Description of the task -
Output each line from the one that contains "Numbers: x, y, z, sx, sy, sz, roll, pitch, yaw." to the final line of the data below, exactly, and include nothing else.

◆ ◆ ◆ ◆ ◆ ◆ ◆

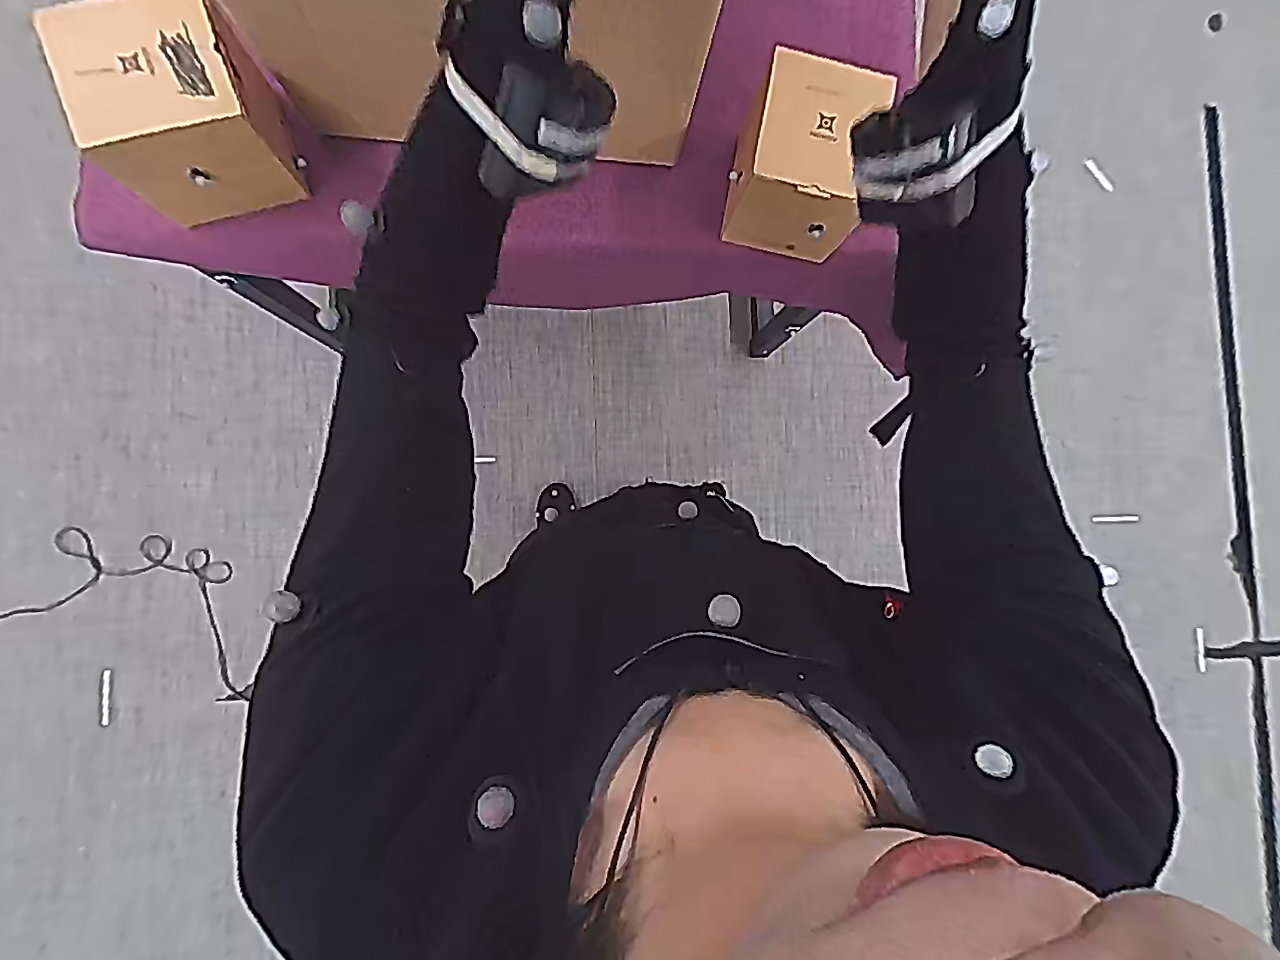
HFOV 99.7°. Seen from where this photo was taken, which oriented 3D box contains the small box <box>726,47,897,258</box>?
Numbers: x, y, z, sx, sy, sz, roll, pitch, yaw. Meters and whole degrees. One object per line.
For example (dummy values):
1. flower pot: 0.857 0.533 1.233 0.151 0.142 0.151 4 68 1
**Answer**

◆ ◆ ◆ ◆ ◆ ◆ ◆

Response box -
Numbers: x, y, z, sx, sy, sz, roll, pitch, yaw. Meters and whole degrees. One object per line.
For example (dummy values):
1. flower pot: 0.857 0.533 1.233 0.151 0.142 0.151 4 68 1
**Answer**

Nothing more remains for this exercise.